--- Task material ---
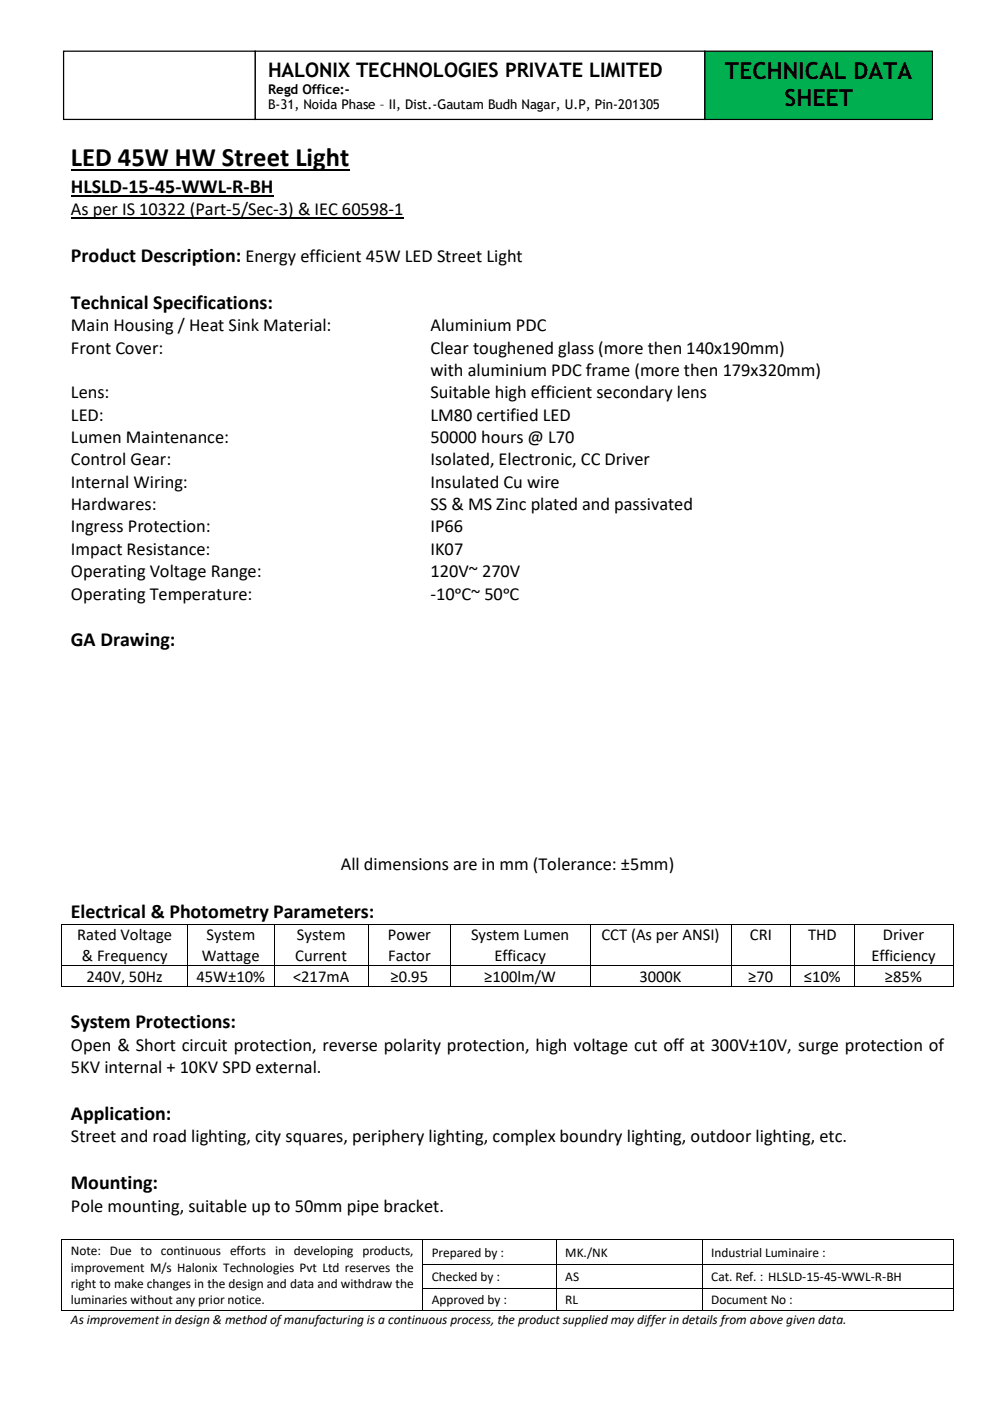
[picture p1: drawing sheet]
<svg xmlns="http://www.w3.org/2000/svg" width="210mm" height="297mm" viewBox="0 0 210 297" stroke-linecap="round" stroke-linejoin="round" font-family="sans-serif">
<defs><g id="words">
<text font-size="5.6" x="15" y="35.3">LED 45W HW Street Light</text>
<g font-size="5">
<text x="153.7" y="16.7">TECHNICAL DATA</text>
<text x="166.3" y="22.4">SHEET</text>
</g>
<g font-size="4.2">
<text x="56.8" y="16.3">HALONIX TECHNOLOGIES PRIVATE LIMITED</text>
<text x="15" y="40.9">HLSLD-15-45-WWL-R-BH</text>
<text x="15" y="55.5">Product Description: Energy efficient 45W LED Street Light</text>
<text x="15" y="65.4">Technical Specifications:</text>
<text x="15" y="136.9">GA Drawing:</text>
<text x="15" y="194.6">Electrical &amp; Photometry Parameters:</text>
<text x="15" y="218">System Protections:</text>
<text x="15" y="237.4">Application:</text>
<text x="15" y="252">Mounting:</text>
</g>
<g font-size="3.9">
<text x="15" y="45.6">As per IS 10322 (Part-5/Sec-3) &amp; IEC 60598-1</text>
<text x="15" y="70.2">Main Housing / Heat Sink Material:</text>
<text x="91.2" y="70.2">Aluminium PDC</text>
<text x="15" y="74.9">Front Cover:</text>
<text x="91.2" y="74.9">Clear toughened glass (more then 140x190mm)</text>
<text x="91.2" y="79.7">with aluminium PDC frame (more then 179x320mm)</text>
<text x="15" y="84.4">Lens:</text>
<text x="15" y="89.2">LED:</text>
<text x="91.2" y="84.4">Suitable high efficient secondary lens</text>
<text x="91.2" y="89.2">LM80 certified LED</text>
<text x="15" y="93.9">Lumen Maintenance:</text>
<text x="91.2" y="93.9">50000 hours @ L70</text>
<text x="15" y="98.6">Control Gear:</text>
<text x="91.2" y="98.6">Isolated, Electronic, CC Driver</text>
<text x="15" y="103.4">Internal Wiring:</text>
<text x="91.2" y="103.4">Insulated Cu wire</text>
<text x="15" y="108.1">Hardwares:</text>
<text x="15" y="112.8">Ingress Protection:</text>
<text x="91.2" y="108.1">SS &amp; MS Zinc plated and passivated</text>
<text x="91.2" y="112.8">IP66</text>
<text x="15" y="117.6">Impact Resistance:</text>
<text x="91.2" y="117.6">IK07</text>
<text x="15" y="122.3">Operating Voltage Range:</text>
<text x="91.2" y="122.3">120V~ 270V</text>
<text x="15" y="127.1">Operating Temperature:</text>
<text x="91.2" y="127.1">-10ᵒC~ 50ᵒC</text>
<text x="72.2" y="184.3">All dimensions are in mm (Tolerance: ±5mm)</text>
<text x="15" y="222.8">Open &amp; Short circuit protection, reverse polarity protection, high voltage cut off at 300V±10V, surge protection of</text>
<text x="15" y="227.5">5KV internal + 10KV SPD external.</text>
<text x="15" y="242.1">Street and road lighting, city squares, periphery lighting, complex boundry lighting, outdoor lighting, etc.</text>
<text x="15" y="256.8">Pole mounting, suitable up to 50mm pipe bracket.</text>
</g>
<g font-size="3.5">
<text x="16.4" y="199.3">Rated Voltage</text>
<text x="17.4" y="203.6">&amp; Frequency</text>
<text x="42.8" y="203.6">Wattage</text>
<text x="43.8" y="199.3">System</text>
<text x="62.6" y="203.6">Current</text>
<text x="62.9" y="199.3">System</text>
<text x="82.2" y="199.3">Power</text>
<text x="82.3" y="203.6">Factor</text>
<text x="99.8" y="199.3">System Lumen</text>
<text x="104.8" y="203.6">Efficacy</text>
<text x="127.5" y="199.3">CCT (As per ANSI)</text>
<text x="159" y="199.3">CRI</text>
<text x="171.3" y="199.3">THD</text>
<text x="184.7" y="203.6">Efficiency</text>
<text x="187.2" y="199.3">Driver</text>
<text x="18.3" y="208.1">240V, 50Hz</text>
<text x="41.7" y="208.1">45W±10%</text>
<text x="62.1" y="208.1">&lt;217mA</text>
<text x="82.8" y="208.1">≥0.95</text>
<text x="102.6" y="208.1">≥100lm/W</text>
<text x="135.5" y="208.1">3000K</text>
<text x="158.6" y="208.1">≥70</text>
<text x="170.4" y="208.1">≤10%</text>
<text x="187.6" y="208.1">≥85%</text>
</g>
<g font-size="2.8">
<text x="56.8" y="19.9">Regd Office:-</text>
<text x="56.8" y="23.2">B-31, Noida Phase – II, Dist.-Gautam Budh Nagar, U.P, Pin-201305</text>
<text x="15" y="266">Note: Due to continuous efforts in developing products,</text>
<text x="15" y="269.5">improvement M/s Halonix Technologies Pvt Ltd reserves the</text>
<text x="91.5" y="266.4">Prepared by :</text>
<text x="119.8" y="266.4">MK./NK</text>
<text x="150.7" y="266.4">Industrial Luminaire :</text>
<text x="15" y="272.9">right to make changes in the design and data and withdraw the</text>
<text x="91.5" y="271.5">Checked by :</text>
<text x="119.8" y="271.5">AS</text>
<text x="150.7" y="271.5">Cat. Ref. : HLSLD-15-45-WWL-R-BH</text>
<text x="15" y="276.4">luminaries without any prior notice.</text>
<text x="15" y="280.5">As improvement in design &amp; method of manufacturing is a continuous process, the product supplied may differ in details from above given data.</text>
<text x="91.5" y="276.4">Approved by :</text>
<text x="119.8" y="276.4">RL</text>
<text x="150.7" y="276.4">Document No :</text>
</g>
</g></defs>
<path d="M15 36.1h59.1" fill="none" stroke="#000" stroke-width=".38"/>
<path d="M15 41.5h42.9" fill="none" stroke="#000" stroke-width=".3"/>
<path d="M15 46.2h70.5" fill="none" stroke="#000" stroke-width=".25"/>
<g fill="#000">
<path d="M13 195.8h.2v.1h-.2z" fill-rule="evenodd"/>
<path d="M13 195.8h.2v.1h-.2z" fill-rule="evenodd"/>
<path d="M39.7 195.8h.2v.1h-.2z" fill-rule="evenodd"/>
<path d="M58.1 195.8h.2v.1h-.2z" fill-rule="evenodd"/>
<path d="M78 195.8h.2v.1h-.2z" fill-rule="evenodd"/>
<path d="M95.4 195.8h.2v.1h-.2z" fill-rule="evenodd"/>
<path d="M125 195.8h.2v.1h-.2z" fill-rule="evenodd"/>
<path d="M155 195.8h.2v.1h-.2z" fill-rule="evenodd"/>
<path d="M167.5 195.8h.2v.1h-.2z" fill-rule="evenodd"/>
<path d="M181 195.8h.2v.1h-.2z" fill-rule="evenodd"/>
<path d="M201.9 195.8h.2v.1h-.2z" fill-rule="evenodd"/>
<path d="M201.9 195.8h.2v.1h-.2z" fill-rule="evenodd"/>
<path d="M13 204.5h.2v.2h-.2z" fill-rule="evenodd"/>
<path d="M13 209h.2v.2h-.2z" fill-rule="evenodd"/>
<path d="M13 209h.2v.2h-.2z" fill-rule="evenodd"/>
<path d="M39.7 204.5h.2v.2h-.2z" fill-rule="evenodd"/>
<path d="M39.7 209h.2v.2h-.2z" fill-rule="evenodd"/>
<path d="M58.1 204.5h.2v.2h-.2z" fill-rule="evenodd"/>
<path d="M58.1 209h.2v.2h-.2z" fill-rule="evenodd"/>
<path d="M78 204.5h.2v.2h-.2z" fill-rule="evenodd"/>
<path d="M78 209h.2v.2h-.2z" fill-rule="evenodd"/>
<path d="M95.4 204.5h.2v.2h-.2z" fill-rule="evenodd"/>
<path d="M95.4 209h.2v.2h-.2z" fill-rule="evenodd"/>
<path d="M125 204.5h.2v.2h-.2z" fill-rule="evenodd"/>
<path d="M125 209h.2v.2h-.2z" fill-rule="evenodd"/>
<path d="M155 204.5h.2v.2h-.2z" fill-rule="evenodd"/>
<path d="M155 209h.2v.2h-.2z" fill-rule="evenodd"/>
<path d="M167.5 204.5h.2v.2h-.2z" fill-rule="evenodd"/>
<path d="M167.5 209h.2v.2h-.2z" fill-rule="evenodd"/>
<path d="M181 204.5h.2v.2h-.2z" fill-rule="evenodd"/>
<path d="M181 209h.2v.2h-.2z" fill-rule="evenodd"/>
<path d="M201.9 204.5h.2v.2h-.2z" fill-rule="evenodd"/>
<path d="M201.9 209h.2v.2h-.2z" fill-rule="evenodd"/>
<path d="M201.9 209h.2v.2h-.2z" fill-rule="evenodd"/>
<path d="M13 262.6h.2v.2h-.2z" fill-rule="evenodd"/>
<path d="M13 262.6h.2v.2h-.2z" fill-rule="evenodd"/>
<path d="M13 268h.2v.2h-.2z" fill-rule="evenodd"/>
<path d="M13 273h.2v.1h-.2z" fill-rule="evenodd"/>
<path d="M13 277.7h.2v.2h-.2z" fill-rule="evenodd"/>
<path d="M13 277.7h.2v.2h-.2z" fill-rule="evenodd"/>
<path d="M89.6 262.6h.1v.2h-.1z" fill-rule="evenodd"/>
<path d="M89.6 268h.1v.2h-.1z" fill-rule="evenodd"/>
<path d="M89.6 273h.1v.1h-.1z" fill-rule="evenodd"/>
<path d="M89.6 277.7h.1v.2h-.1z" fill-rule="evenodd"/>
<path d="M117.9 262.6h.2v.2h-.2z" fill-rule="evenodd"/>
<path d="M117.9 268h.2v.2h-.2z" fill-rule="evenodd"/>
<path d="M117.9 273h.2v.1h-.2z" fill-rule="evenodd"/>
<path d="M117.9 277.7h.2v.2h-.2z" fill-rule="evenodd"/>
<path d="M148.8 262.6h.1v.2h-.1z" fill-rule="evenodd"/>
<path d="M148.8 268h.1v.2h-.1z" fill-rule="evenodd"/>
<path d="M148.8 273h.1v.1h-.1z" fill-rule="evenodd"/>
<path d="M148.8 277.7h.1v.2h-.1z" fill-rule="evenodd"/>
<path d="M201.9 262.6h.2v.2h-.2z" fill-rule="evenodd"/>
<path d="M201.9 262.6h.2v.2h-.2z" fill-rule="evenodd"/>
<path d="M201.9 268h.2v.2h-.2z" fill-rule="evenodd"/>
<path d="M201.9 273h.2v.1h-.2z" fill-rule="evenodd"/>
<path d="M201.9 277.7h.2v.2h-.2z" fill-rule="evenodd"/>
<path d="M201.9 277.7h.2v.2h-.2z" fill-rule="evenodd"/>
</g>
<g fill="none" stroke="#000" stroke-width=".21">
<path d="M13.1 195.9v8.6M13.2 195.9h26.5M39.8 195.9v8.6M39.9 195.9h18.2M58.2 195.9v8.6M58.3 195.9h19.7M78.1 195.9v8.6M78.2 195.9h17.2M95.5 195.9v8.6M95.6 195.9h29.4M125.1 195.9v8.6M125.2 195.9h29.8"/>
<path d="M155.1 195.9v8.6M155.2 195.9h12.3M167.6 195.9v8.6M167.7 195.9h13.3M181.1 195.9v8.6M181.2 195.9h20.7M202 195.9v8.6M13.1 204.7v4.3M13.2 204.6h26.5M13.2 209.1h26.5M39.8 204.7v4.3M39.9 204.6h18.2"/>
<path d="M39.9 209.1h18.2M58.2 204.7v4.3M58.3 204.6h19.7M58.3 209.1h19.7M78.1 204.7v4.3M78.2 204.6h17.2M78.2 209.1h17.2M95.5 204.7v4.3M95.6 204.6h29.4M95.6 209.1h29.4M125.1 204.7v4.3M125.2 204.6h29.8"/>
<path d="M125.2 209.1h29.8M155.1 204.7v4.3M155.2 204.6h12.3M155.2 209.1h12.3M167.6 204.7v4.3M167.7 204.6h13.3M167.7 209.1h13.3M181.1 204.7v4.3M181.2 204.6h20.7M181.2 209.1h20.7M202 204.7v4.3M13.1 262.8v5.2"/>
<path d="M13.1 268.2v4.8M13.1 273.1v4.6M13.2 262.7h76.4M13.2 277.8h76.4M89.6 262.8v5.2M89.6 268.2v4.8M89.6 273.1v4.6M89.7 262.7h28.2M89.7 268.1h28.2M89.7 273h28.2M89.7 277.8h28.2M118 262.8v5.2"/>
<path d="M118 268.2v4.8M118 273.1v4.6M118.1 262.7h30.7M118.1 268.1h30.7M118.1 273h30.7M118.1 277.8h30.7M148.8 262.8v5.2M148.8 268.2v4.8M148.8 273.1v4.6M148.9 262.7h53M148.9 268.1h53M148.9 273h53"/>
<path d="M148.9 277.8h53M202 262.8v5.2M202 268.2v4.8M202 273.1v4.6"/>
</g>
<path d="M149.4 10.8h48.2v14.5h-48.2z" fill-rule="evenodd" fill="#00b050"/>
<path d="M149.4 10.8h48.2v14.5h-48.2z" fill="none" stroke="#000" stroke-width=".26"/>
<path d="M13.5 10.8h40.6v14.5h-40.6z" fill-rule="evenodd" fill="#fff"/>
<path d="M13.5 10.8h40.6v14.5h-40.6z" fill="none" stroke="#000" stroke-width=".26"/>
<path d="M54.1 10.8h95.3v14.5h-95.3z" fill-rule="evenodd" fill="#fff"/>
<path d="M54.1 10.8h95.3v14.5h-95.3z" fill="none" stroke="#000" stroke-width=".26"/>
<use href="#words"/>
</svg>
---
Exercise: Each line from the first line of the entries through the line containing "(more then 140x190mm)</text>" should be duplicated word for word, and nothing more; the pictures stay out.

Completed exercise:
[picture p1: drawing sheet]
<svg xmlns="http://www.w3.org/2000/svg" width="210mm" height="297mm" viewBox="0 0 210 297" stroke-linecap="round" stroke-linejoin="round" font-family="sans-serif">
<defs><g id="words">
<text font-size="5.6" x="15" y="35.3">LED 45W HW Street Light</text>
<g font-size="5">
<text x="153.7" y="16.7">TECHNICAL DATA</text>
<text x="166.3" y="22.4">SHEET</text>
</g>
<g font-size="4.2">
<text x="56.8" y="16.3">HALONIX TECHNOLOGIES PRIVATE LIMITED</text>
<text x="15" y="40.9">HLSLD-15-45-WWL-R-BH</text>
<text x="15" y="55.5">Product Description: Energy efficient 45W LED Street Light</text>
<text x="15" y="65.4">Technical Specifications:</text>
<text x="15" y="136.9">GA Drawing:</text>
<text x="15" y="194.6">Electrical &amp; Photometry Parameters:</text>
<text x="15" y="218">System Protections:</text>
<text x="15" y="237.4">Application:</text>
<text x="15" y="252">Mounting:</text>
</g>
<g font-size="3.9">
<text x="15" y="45.6">As per IS 10322 (Part-5/Sec-3) &amp; IEC 60598-1</text>
<text x="15" y="70.2">Main Housing / Heat Sink Material:</text>
<text x="91.2" y="70.2">Aluminium PDC</text>
<text x="15" y="74.9">Front Cover:</text>
<text x="91.2" y="74.9">Clear toughened glass (more then 140x190mm)</text>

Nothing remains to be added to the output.